### ASSIGNED TASK
Would you copy the listing below exactly, keeping the pictures out?

### AVAILABLE DATA
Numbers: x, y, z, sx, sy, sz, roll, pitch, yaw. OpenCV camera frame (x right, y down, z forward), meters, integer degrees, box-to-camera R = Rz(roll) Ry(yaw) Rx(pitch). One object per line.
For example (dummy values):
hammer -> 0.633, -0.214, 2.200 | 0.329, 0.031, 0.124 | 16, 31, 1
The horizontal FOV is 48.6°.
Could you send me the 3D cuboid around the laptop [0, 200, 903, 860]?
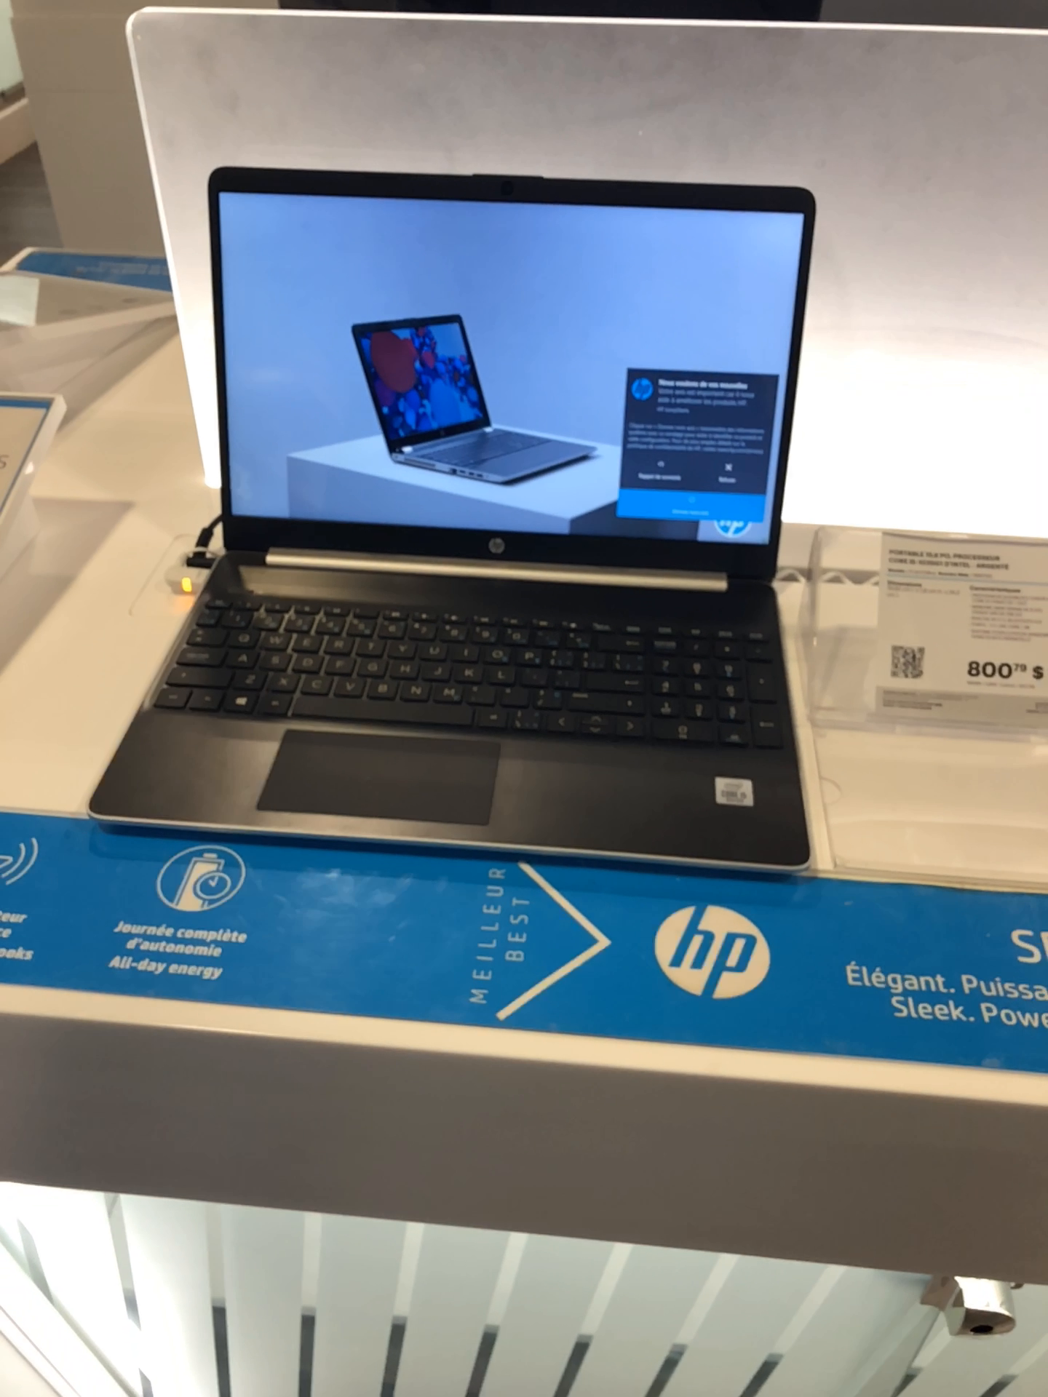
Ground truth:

### SOLUTION TO THE PROBLEM
Numbers: x, y, z, sx, sy, sz, roll, pitch, yaw. OpenCV camera frame (x right, y down, z forward), meters, integer degrees, box-to-camera R = Rz(roll) Ry(yaw) Rx(pitch). One object per line.
For example (dummy values):
hammer -> 0.633, -0.214, 2.200 | 0.329, 0.031, 0.124 | 16, 31, 1
The horizontal FOV is 48.6°.
Could you send me the 3D cuboid around the laptop [0, 200, 903, 860]?
Ground truth:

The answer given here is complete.